▶ _The task_
Your response should be an exact transcription of the data, images excluded.

▶ _Available data_
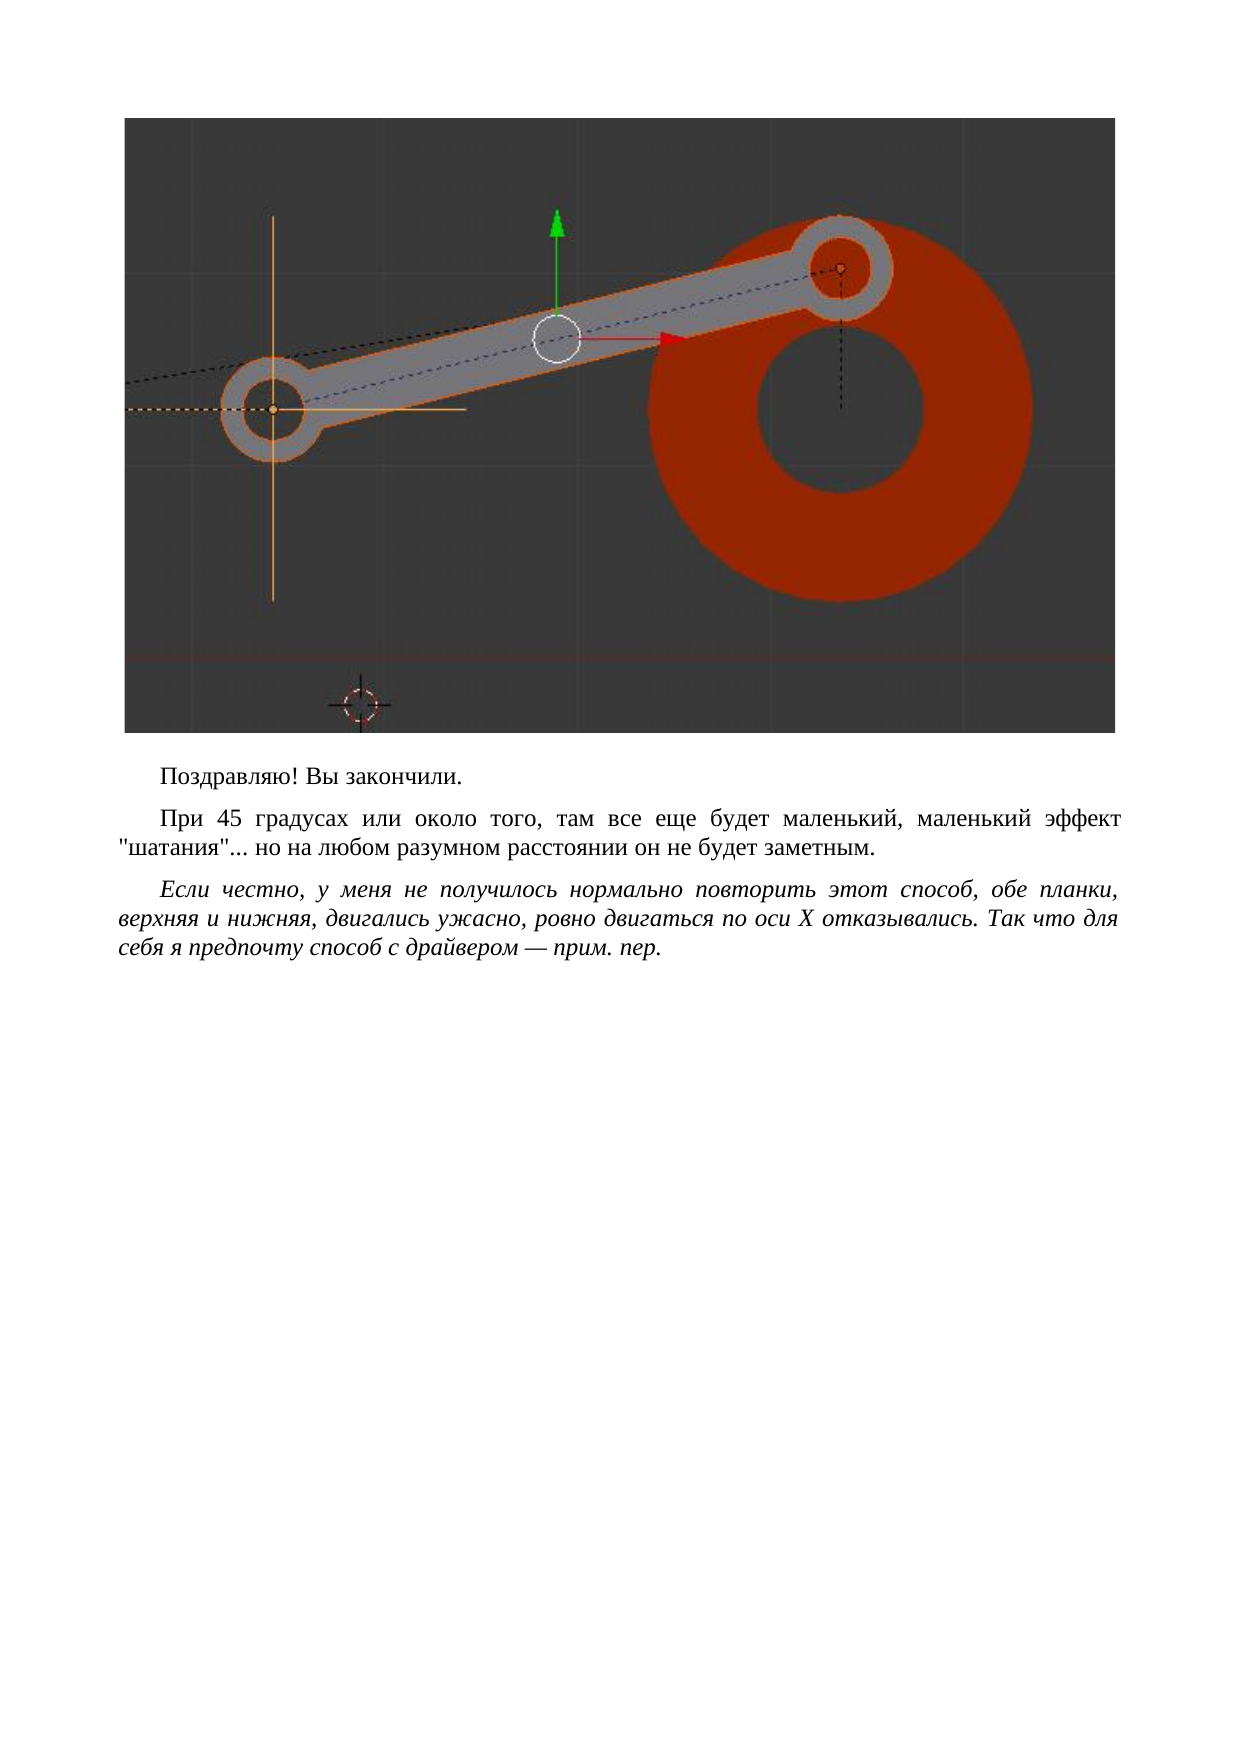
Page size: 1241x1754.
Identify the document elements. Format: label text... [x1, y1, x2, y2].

picture [124, 118, 1116, 733]
text При 45 градусах или около того, там все еще будет маленький, маленький эффект "шатания"... но на любом разумном расстоянии он не будет заметным. [118, 803, 1122, 861]
text Поздравляю! Вы закончили. [118, 761, 1122, 790]
text Если честно, у меня не получилось нормально повторить этот способ, обе планки, верхняя и нижняя, двигались ужасно, ровно двигаться по оси X отказывались. Так что для себя я предпочту способ с драйвером — прим. пер. [118, 873, 1122, 961]

▶ _Solution to the problem_
Page size: 1241x1754.
Identify the document elements. Format: label text... [x1, y1, x2, y2].

picture [124, 118, 1116, 733]
text При 45 градусах или около того, там все еще будет маленький, маленький эффект "шатания"... но на любом разумном расстоянии он не будет заметным. [118, 803, 1122, 861]
text Поздравляю! Вы закончили. [118, 761, 1122, 790]
text Если честно, у меня не получилось нормально повторить этот способ, обе планки, верхняя и нижняя, двигались ужасно, ровно двигаться по оси X отказывались. Так что для себя я предпочту способ с драйвером — прим. пер. [118, 873, 1122, 961]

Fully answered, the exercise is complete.